### Task brief
Once the line with "50) cardboard box (1109, 9, 1120, 43)" is found in the data, output it and each following line exactly, up to and including the line with "57) cardboard box (1059, 162, 1073, 222)", and nothing before or after.

### Supplied records
------------------------------------------------------------------------
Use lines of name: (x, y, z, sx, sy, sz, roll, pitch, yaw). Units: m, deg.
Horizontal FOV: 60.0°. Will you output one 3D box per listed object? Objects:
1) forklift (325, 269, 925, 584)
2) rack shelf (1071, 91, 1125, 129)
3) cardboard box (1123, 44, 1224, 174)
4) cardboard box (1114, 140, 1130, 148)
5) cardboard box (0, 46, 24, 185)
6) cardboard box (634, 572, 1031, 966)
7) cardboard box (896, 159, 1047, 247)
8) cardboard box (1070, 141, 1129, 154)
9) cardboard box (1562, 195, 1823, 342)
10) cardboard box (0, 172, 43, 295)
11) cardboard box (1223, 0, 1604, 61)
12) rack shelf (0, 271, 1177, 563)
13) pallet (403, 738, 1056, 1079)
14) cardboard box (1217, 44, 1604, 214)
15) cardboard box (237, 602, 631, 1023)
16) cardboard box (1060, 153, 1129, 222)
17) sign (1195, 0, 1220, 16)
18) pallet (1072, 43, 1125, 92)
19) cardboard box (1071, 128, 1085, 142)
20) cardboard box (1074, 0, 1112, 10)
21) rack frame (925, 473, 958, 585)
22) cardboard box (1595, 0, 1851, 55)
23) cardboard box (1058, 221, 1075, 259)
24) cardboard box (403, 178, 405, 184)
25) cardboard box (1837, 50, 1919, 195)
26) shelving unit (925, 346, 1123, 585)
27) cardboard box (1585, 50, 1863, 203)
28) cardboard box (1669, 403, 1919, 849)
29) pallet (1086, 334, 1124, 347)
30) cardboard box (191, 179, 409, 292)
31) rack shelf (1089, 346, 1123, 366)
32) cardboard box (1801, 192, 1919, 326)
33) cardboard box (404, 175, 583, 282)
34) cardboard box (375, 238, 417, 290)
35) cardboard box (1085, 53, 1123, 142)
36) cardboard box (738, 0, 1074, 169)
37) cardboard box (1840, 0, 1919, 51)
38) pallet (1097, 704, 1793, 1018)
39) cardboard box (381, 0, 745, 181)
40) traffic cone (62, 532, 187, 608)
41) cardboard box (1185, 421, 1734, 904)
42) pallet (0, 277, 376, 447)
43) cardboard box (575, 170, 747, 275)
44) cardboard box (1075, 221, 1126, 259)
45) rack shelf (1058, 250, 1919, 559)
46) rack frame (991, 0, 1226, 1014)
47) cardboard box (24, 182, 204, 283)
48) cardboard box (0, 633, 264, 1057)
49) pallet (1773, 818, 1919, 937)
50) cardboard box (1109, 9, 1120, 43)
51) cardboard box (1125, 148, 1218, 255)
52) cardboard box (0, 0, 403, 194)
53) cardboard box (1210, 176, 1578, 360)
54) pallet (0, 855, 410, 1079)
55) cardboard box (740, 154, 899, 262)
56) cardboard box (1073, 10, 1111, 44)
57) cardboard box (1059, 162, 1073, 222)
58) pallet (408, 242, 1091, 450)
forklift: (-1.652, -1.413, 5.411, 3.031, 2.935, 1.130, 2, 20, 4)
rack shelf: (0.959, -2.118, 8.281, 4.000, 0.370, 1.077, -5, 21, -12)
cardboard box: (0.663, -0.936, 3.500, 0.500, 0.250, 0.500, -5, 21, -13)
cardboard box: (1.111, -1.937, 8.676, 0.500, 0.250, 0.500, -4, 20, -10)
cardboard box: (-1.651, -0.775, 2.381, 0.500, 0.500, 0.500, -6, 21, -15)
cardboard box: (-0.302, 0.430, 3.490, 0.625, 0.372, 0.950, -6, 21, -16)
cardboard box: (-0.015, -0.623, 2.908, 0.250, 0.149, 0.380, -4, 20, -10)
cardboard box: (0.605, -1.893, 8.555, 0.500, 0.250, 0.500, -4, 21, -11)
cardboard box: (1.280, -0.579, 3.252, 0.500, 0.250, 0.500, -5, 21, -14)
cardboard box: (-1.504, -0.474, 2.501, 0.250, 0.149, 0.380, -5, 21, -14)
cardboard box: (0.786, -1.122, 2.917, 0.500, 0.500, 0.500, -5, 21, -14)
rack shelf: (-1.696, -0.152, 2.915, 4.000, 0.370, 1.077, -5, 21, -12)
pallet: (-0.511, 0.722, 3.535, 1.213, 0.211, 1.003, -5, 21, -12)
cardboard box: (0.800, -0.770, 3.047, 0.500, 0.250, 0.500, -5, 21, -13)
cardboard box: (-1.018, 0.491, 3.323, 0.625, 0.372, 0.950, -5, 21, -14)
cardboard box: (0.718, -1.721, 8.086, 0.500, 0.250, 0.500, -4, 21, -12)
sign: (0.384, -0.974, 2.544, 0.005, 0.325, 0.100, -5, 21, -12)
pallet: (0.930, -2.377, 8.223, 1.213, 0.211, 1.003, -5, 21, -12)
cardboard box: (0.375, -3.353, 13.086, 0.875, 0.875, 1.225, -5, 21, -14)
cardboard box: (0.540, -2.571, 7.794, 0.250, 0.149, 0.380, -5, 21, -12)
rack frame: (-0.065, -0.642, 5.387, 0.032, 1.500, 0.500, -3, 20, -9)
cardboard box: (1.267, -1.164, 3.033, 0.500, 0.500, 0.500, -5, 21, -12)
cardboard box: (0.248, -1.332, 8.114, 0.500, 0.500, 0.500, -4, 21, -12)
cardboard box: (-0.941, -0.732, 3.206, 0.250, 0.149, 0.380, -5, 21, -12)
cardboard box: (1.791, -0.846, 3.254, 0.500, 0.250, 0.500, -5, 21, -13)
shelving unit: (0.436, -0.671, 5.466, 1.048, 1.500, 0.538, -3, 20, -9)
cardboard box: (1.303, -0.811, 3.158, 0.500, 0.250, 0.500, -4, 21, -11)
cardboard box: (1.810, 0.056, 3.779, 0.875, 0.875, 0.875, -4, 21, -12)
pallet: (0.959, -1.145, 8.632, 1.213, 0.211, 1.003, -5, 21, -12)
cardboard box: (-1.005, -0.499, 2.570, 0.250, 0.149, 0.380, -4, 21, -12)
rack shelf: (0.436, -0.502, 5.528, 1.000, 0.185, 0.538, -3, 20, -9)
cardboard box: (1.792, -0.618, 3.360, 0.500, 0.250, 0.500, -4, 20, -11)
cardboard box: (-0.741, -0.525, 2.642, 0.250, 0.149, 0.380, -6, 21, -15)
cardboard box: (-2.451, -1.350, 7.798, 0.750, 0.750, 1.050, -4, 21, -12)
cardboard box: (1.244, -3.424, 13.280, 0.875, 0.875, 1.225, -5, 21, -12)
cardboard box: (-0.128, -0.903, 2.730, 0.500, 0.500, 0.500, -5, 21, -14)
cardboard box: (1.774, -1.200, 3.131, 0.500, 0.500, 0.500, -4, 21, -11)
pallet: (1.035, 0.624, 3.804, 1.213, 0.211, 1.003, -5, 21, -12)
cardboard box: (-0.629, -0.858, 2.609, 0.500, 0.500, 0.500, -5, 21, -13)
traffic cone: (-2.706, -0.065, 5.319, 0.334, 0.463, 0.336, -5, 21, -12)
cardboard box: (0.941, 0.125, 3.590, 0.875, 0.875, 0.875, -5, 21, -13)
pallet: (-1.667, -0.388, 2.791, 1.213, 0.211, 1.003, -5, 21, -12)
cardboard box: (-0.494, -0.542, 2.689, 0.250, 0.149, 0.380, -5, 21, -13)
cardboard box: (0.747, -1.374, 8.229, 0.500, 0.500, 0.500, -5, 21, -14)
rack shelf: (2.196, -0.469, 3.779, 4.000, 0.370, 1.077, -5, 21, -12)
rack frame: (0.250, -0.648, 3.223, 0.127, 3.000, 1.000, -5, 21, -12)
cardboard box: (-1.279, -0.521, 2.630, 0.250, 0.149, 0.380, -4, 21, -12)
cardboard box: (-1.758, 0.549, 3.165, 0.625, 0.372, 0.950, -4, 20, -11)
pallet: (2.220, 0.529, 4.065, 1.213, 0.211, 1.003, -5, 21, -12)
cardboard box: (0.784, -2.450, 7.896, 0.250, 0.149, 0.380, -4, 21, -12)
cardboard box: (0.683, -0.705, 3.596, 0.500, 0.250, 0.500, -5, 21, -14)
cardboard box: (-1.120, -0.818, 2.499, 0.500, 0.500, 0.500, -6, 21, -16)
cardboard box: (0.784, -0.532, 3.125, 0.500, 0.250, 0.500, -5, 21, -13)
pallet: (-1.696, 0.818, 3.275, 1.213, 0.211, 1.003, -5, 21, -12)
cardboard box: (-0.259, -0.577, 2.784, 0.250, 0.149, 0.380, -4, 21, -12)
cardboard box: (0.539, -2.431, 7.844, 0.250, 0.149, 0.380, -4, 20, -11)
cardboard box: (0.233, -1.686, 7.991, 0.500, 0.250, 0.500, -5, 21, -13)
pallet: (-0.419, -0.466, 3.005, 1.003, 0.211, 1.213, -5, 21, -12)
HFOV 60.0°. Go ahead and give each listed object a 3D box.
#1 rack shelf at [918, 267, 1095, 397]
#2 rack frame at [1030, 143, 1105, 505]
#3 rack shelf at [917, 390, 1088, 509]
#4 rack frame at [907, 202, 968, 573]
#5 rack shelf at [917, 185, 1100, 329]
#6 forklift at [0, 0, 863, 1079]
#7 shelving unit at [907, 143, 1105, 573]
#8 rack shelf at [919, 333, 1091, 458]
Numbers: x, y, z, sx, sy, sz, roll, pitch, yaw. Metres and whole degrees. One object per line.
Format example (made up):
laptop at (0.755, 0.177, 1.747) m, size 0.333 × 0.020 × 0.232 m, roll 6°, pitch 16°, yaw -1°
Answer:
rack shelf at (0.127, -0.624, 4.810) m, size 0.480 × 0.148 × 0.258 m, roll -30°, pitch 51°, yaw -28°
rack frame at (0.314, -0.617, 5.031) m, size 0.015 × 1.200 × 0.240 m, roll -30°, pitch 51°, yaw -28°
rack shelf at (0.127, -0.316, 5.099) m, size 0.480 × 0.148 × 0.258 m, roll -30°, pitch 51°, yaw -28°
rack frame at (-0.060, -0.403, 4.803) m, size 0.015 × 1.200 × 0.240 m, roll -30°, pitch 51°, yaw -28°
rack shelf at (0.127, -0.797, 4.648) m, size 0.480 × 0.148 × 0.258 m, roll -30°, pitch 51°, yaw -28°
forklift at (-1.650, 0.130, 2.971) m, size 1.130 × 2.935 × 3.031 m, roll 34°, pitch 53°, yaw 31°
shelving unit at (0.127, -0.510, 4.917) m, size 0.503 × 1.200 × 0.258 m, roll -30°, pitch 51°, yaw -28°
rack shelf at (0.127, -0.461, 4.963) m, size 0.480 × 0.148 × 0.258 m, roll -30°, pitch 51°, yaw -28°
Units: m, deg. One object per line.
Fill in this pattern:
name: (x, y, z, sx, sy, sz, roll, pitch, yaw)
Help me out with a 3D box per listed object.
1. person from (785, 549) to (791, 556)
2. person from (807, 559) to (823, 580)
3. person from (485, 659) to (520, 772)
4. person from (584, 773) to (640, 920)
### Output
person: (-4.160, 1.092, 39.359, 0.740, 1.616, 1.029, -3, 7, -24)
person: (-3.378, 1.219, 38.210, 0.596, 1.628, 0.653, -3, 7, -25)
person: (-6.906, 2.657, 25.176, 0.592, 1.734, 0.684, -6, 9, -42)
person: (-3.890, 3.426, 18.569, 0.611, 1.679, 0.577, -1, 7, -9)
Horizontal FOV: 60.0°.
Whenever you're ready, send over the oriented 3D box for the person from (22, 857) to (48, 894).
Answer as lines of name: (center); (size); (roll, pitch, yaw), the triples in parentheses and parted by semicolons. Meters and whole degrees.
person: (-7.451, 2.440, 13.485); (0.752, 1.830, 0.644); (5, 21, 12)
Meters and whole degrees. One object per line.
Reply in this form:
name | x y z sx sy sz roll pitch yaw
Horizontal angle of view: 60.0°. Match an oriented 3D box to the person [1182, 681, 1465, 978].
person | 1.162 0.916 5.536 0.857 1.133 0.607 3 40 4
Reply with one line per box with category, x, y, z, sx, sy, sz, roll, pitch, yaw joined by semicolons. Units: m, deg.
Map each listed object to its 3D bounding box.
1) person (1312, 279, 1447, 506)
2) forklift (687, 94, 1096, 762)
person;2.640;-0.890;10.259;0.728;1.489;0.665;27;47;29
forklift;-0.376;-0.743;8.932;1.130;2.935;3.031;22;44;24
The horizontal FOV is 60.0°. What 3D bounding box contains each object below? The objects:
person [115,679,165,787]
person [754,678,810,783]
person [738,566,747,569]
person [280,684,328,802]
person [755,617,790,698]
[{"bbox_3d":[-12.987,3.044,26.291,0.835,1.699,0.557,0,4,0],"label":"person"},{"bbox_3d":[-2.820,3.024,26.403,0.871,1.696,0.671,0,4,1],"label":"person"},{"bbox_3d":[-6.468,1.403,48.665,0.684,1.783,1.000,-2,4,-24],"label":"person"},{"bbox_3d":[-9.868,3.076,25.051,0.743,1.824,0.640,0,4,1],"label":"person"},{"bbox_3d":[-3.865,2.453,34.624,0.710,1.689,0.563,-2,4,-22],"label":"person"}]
------------------------------------------------------------------------
### Reply
50) cardboard box (1109, 9, 1120, 43)
51) cardboard box (1125, 148, 1218, 255)
52) cardboard box (0, 0, 403, 194)
53) cardboard box (1210, 176, 1578, 360)
54) pallet (0, 855, 410, 1079)
55) cardboard box (740, 154, 899, 262)
56) cardboard box (1073, 10, 1111, 44)
57) cardboard box (1059, 162, 1073, 222)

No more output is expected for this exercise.